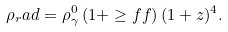Convert formula to latex. <formula><loc_0><loc_0><loc_500><loc_500>\rho _ { r } a d = \rho _ { \gamma } ^ { 0 } \left ( 1 + \geq f f \right ) ( 1 + z ) ^ { 4 } .</formula> 
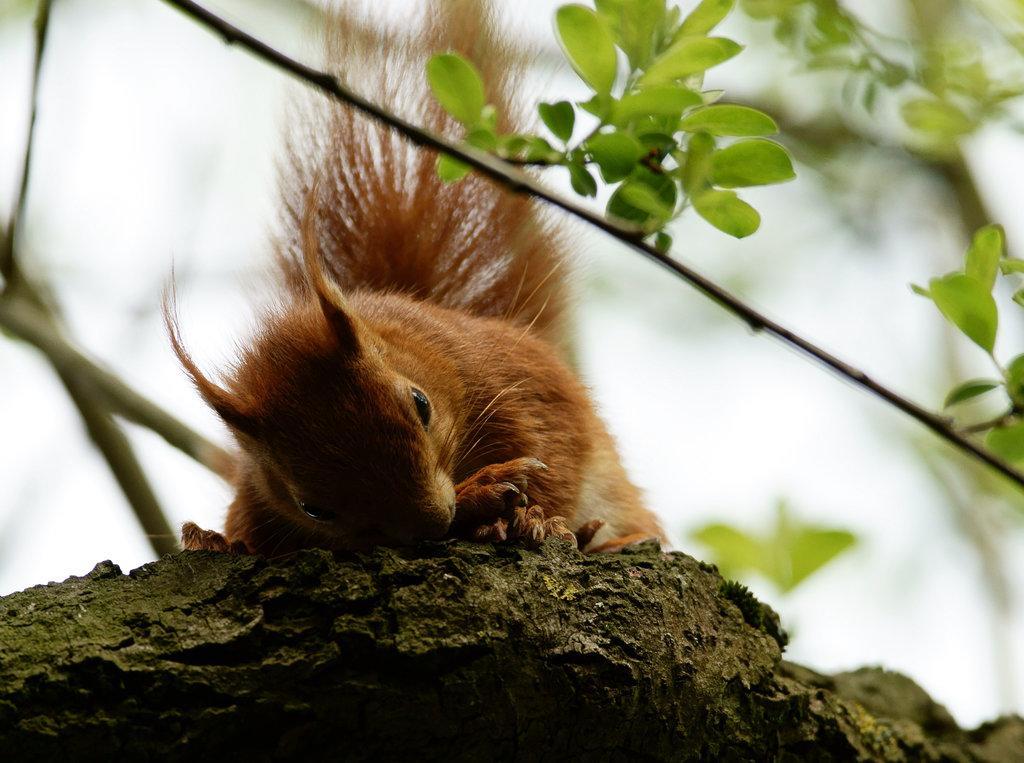Can you describe this image briefly? Background portion of the picture is blur and we can see green leaves, stems and a squirrel on a surface. 
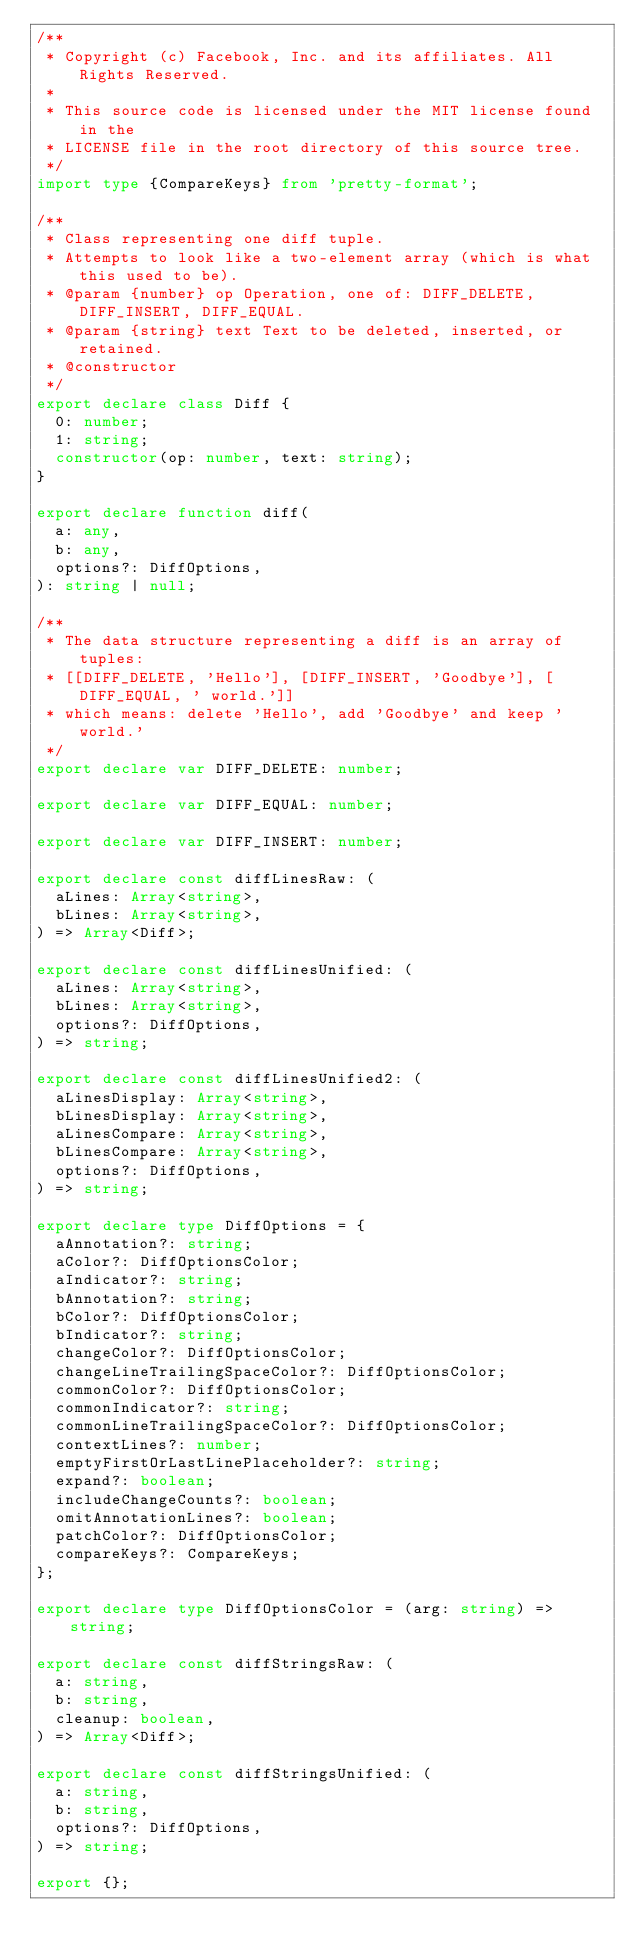Convert code to text. <code><loc_0><loc_0><loc_500><loc_500><_TypeScript_>/**
 * Copyright (c) Facebook, Inc. and its affiliates. All Rights Reserved.
 *
 * This source code is licensed under the MIT license found in the
 * LICENSE file in the root directory of this source tree.
 */
import type {CompareKeys} from 'pretty-format';

/**
 * Class representing one diff tuple.
 * Attempts to look like a two-element array (which is what this used to be).
 * @param {number} op Operation, one of: DIFF_DELETE, DIFF_INSERT, DIFF_EQUAL.
 * @param {string} text Text to be deleted, inserted, or retained.
 * @constructor
 */
export declare class Diff {
  0: number;
  1: string;
  constructor(op: number, text: string);
}

export declare function diff(
  a: any,
  b: any,
  options?: DiffOptions,
): string | null;

/**
 * The data structure representing a diff is an array of tuples:
 * [[DIFF_DELETE, 'Hello'], [DIFF_INSERT, 'Goodbye'], [DIFF_EQUAL, ' world.']]
 * which means: delete 'Hello', add 'Goodbye' and keep ' world.'
 */
export declare var DIFF_DELETE: number;

export declare var DIFF_EQUAL: number;

export declare var DIFF_INSERT: number;

export declare const diffLinesRaw: (
  aLines: Array<string>,
  bLines: Array<string>,
) => Array<Diff>;

export declare const diffLinesUnified: (
  aLines: Array<string>,
  bLines: Array<string>,
  options?: DiffOptions,
) => string;

export declare const diffLinesUnified2: (
  aLinesDisplay: Array<string>,
  bLinesDisplay: Array<string>,
  aLinesCompare: Array<string>,
  bLinesCompare: Array<string>,
  options?: DiffOptions,
) => string;

export declare type DiffOptions = {
  aAnnotation?: string;
  aColor?: DiffOptionsColor;
  aIndicator?: string;
  bAnnotation?: string;
  bColor?: DiffOptionsColor;
  bIndicator?: string;
  changeColor?: DiffOptionsColor;
  changeLineTrailingSpaceColor?: DiffOptionsColor;
  commonColor?: DiffOptionsColor;
  commonIndicator?: string;
  commonLineTrailingSpaceColor?: DiffOptionsColor;
  contextLines?: number;
  emptyFirstOrLastLinePlaceholder?: string;
  expand?: boolean;
  includeChangeCounts?: boolean;
  omitAnnotationLines?: boolean;
  patchColor?: DiffOptionsColor;
  compareKeys?: CompareKeys;
};

export declare type DiffOptionsColor = (arg: string) => string;

export declare const diffStringsRaw: (
  a: string,
  b: string,
  cleanup: boolean,
) => Array<Diff>;

export declare const diffStringsUnified: (
  a: string,
  b: string,
  options?: DiffOptions,
) => string;

export {};
</code> 
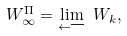<formula> <loc_0><loc_0><loc_500><loc_500>W _ { \infty } ^ { \Pi } = \underset { \longleftarrow } { \lim } \ W _ { k } ,</formula> 
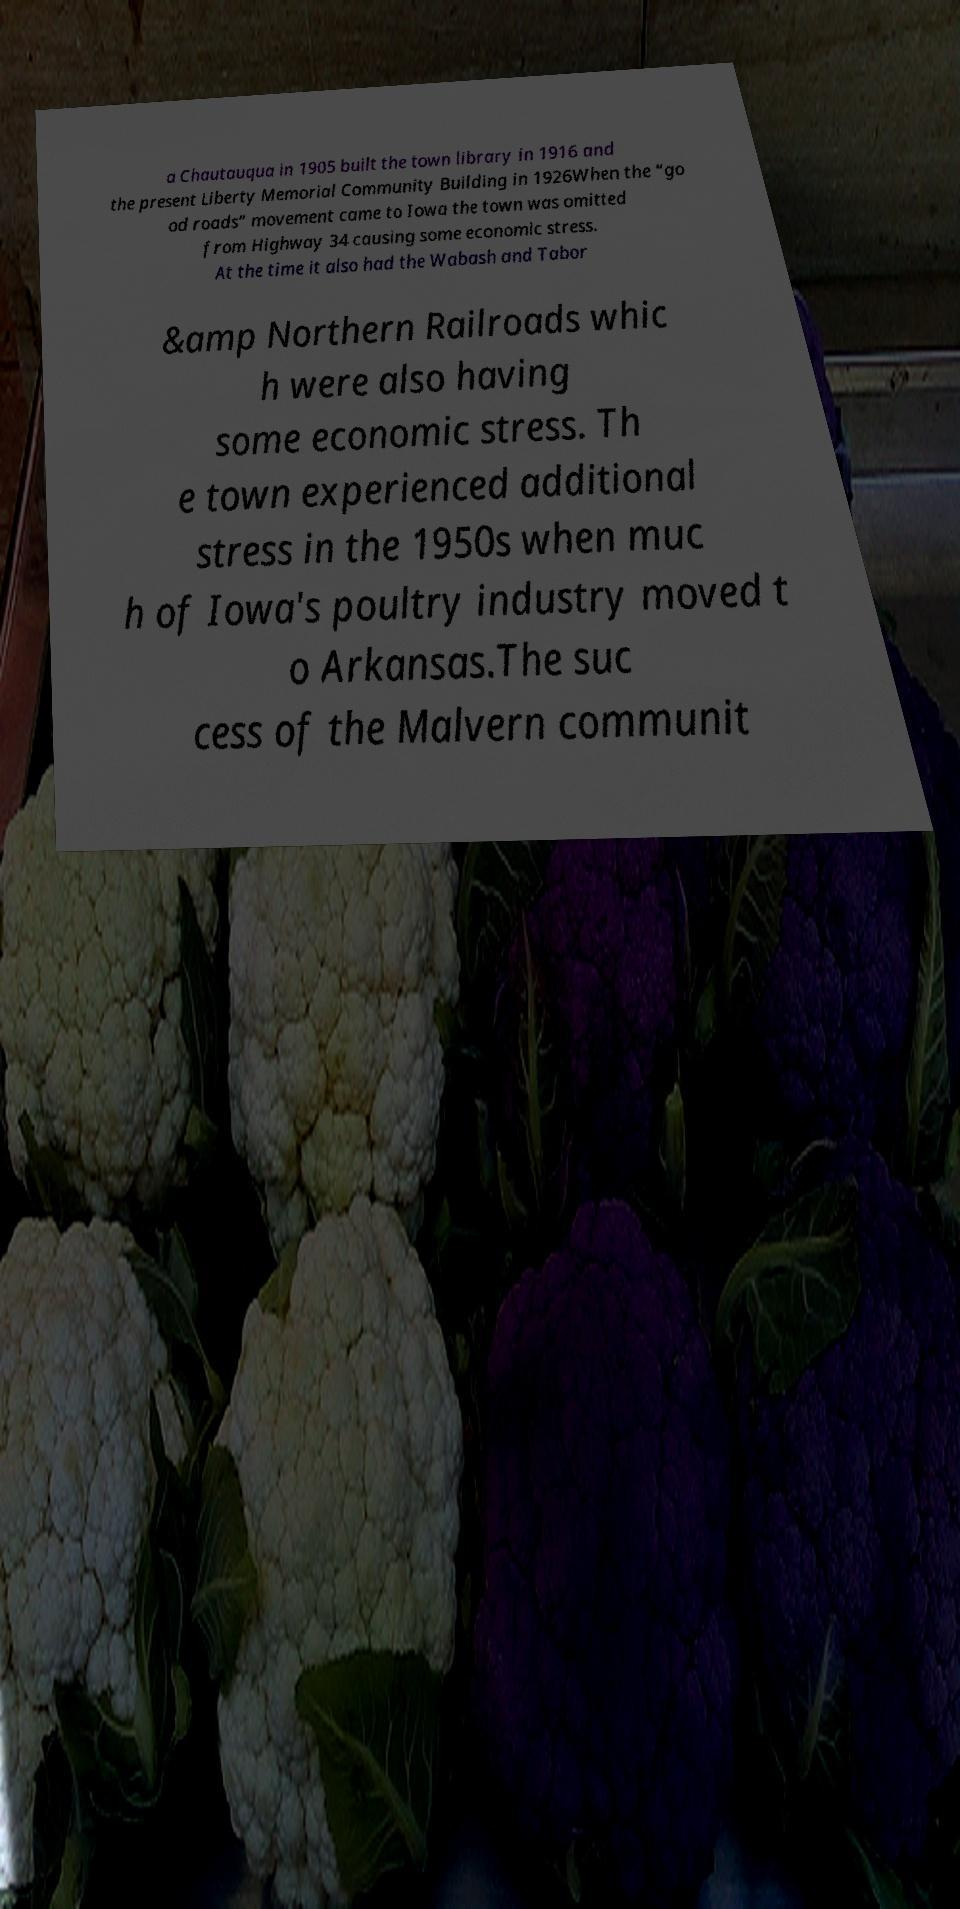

-*-

[DESCRIPTION OF THE TASK]: Check each line of the entries for the word "number". State how many lines hold it, and write nothing else.

[WRITTEN SOLUTION]: 7